🫀Avanços em arritmias

🫀 Avanços em arritmias em 2025

Novos estudos em cardiologia trouxeram descobertas importantes no manejo das arritmias, especialmente da fibrilação atrial.

🔹 Estudos recentes sugerem que nem todos os pacientes precisam manter anticoagulação por toda a vida após ablação bem-sucedida de fibrilação atrial, principalmente aqueles com baixo risco tromboembólico.

🔹 Mudanças no estilo de vida (controle de peso, pressão arterial, diabetes, apneia do sono, atividade física e redução de álcool) mostraram impacto significativo na redução de recorrência da arritmia.

🔹 Testes genéticos em pacientes com fibrilação atrial de início precoce podem identificar doenças cardíacas hereditárias e mudar a conduta clínica.

🔹 Novas tecnologias de estimulação do sistema de condução cardíaco podem reduzir mortalidade e insuficiência cardíaca quando comparadas ao marcapasso ventricular tradicional.

📌 Esses avanços reforçam que o tratamento das arritmias está evoluindo para uma abordagem mais personalizada, preventiva e baseada em mecanismos da doença.  

Cardiomiopatia Hipertrófica

Na cardiomiopatia hipertrófica, identificar pacientes com maior risco de eventos cardiovasculares ainda é um desafio clínico importante.

Um estudo recente avaliou a integração de dois marcadores complementares:

Realce tardio pelo gadolínio (LGE) na ressonância cardíaca – marcador de fibrose miocárdica Strain longitudinal global do ventrículo esquerdo (GLS) – marcador de disfunção miocárdica subclínica

🔎 Principais achados do estudo (652 pacientes, seguimento médio de 7,4 anos):

Maior quantidade de fibrose (LGE elevado) esteve associada a mais eventos cardiovasculares.
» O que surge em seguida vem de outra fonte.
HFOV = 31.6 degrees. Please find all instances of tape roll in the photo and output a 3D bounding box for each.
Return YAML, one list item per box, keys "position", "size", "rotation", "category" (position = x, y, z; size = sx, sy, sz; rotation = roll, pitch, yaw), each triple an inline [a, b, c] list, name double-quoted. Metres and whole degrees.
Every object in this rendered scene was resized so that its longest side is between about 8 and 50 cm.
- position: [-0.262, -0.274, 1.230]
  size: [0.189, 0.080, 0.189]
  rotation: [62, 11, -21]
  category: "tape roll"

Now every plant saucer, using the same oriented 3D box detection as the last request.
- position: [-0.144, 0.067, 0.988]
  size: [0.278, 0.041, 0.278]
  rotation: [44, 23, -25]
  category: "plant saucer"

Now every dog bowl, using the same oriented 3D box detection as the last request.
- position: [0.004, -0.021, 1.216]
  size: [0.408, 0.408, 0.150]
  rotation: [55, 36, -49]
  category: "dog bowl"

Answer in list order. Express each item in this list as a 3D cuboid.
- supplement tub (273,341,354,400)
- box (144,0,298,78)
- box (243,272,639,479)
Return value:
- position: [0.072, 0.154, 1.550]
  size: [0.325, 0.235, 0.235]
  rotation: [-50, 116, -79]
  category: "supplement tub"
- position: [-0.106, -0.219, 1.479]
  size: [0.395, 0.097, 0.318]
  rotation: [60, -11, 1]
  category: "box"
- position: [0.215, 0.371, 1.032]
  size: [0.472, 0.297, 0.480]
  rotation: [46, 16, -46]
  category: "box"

GLS reduzido também foi relacionado a pior prognóstico. Pacientes com LGE alto + GLS baixo apresentaram o maior risco de eventos, incluindo morte cardiovascular, eventos relacionados à morte súbita e hospitalização por insuficiência cardíaca.

📊 Conclusão:

A combinação de LGE e GLS melhora a estratificação de risco na cardiomiopatia hipertrófica, permitindo identificar pacientes com maior probabilidade de eventos cardiovasculares.

💡 Mensagem prática:

Avaliar estrutura (fibrose) e função miocárdica (strain) de forma integrada pode refinar a avaliação prognóstica desses pacientes.

Prolapso da valva mitral

🫀 PROLAPSO DA VALVA MITRAL (PVM):

nem sempre é benigno

O PVM é uma condição heterogênea. Embora muitos pacientes tenham evolução favorável, um subgrupo apresenta maior risco de arritmias ventriculares e morte súbita.

🔎 Fenótipos principais

• Doença de Barlow → folhetos espessos, redundantes, multissegmentares

• Deficiência fibroelástica → folhetos e cordas finos, maior risco de ruptura

• Fendas mitrais podem agravar a regurgitação

⚠️ Disjunção Anular Mitral (MAD)

✔️ MAD verdadeiro: separação do anel mitral visível em sístole e diástole

✔️ Associado a maior risco arrítmico

❌ Pseudo-MAD: efeito óptico por folhetos volumosos

❤️ Marcadores de risco arrítmico

• Prolapso bivalvar

• Folhetos longos e redundantes

• MAD > 8,5 mm

• Fibrose miocárdica na RM (LGE), especialmente em parede inferolateral ou músculos papilares

📈 Sinais ecocardiográficos importantes

• Sinal de Pickelhaube (Doppler tecidual)

• Curling da base do VE na sístole

• Dispersão mecânica ao strain

🧠 Mensagem-chave

PVM não é uma única doença.

A avaliação integrada com ecocardiografia avançada, ECG e RM cardíaca é fundamental para identificar pacientes de alto risco arrítmico e orientar seguimento individualizado.

📚 Imagem cardíaca salva vidas quando bem interpretada.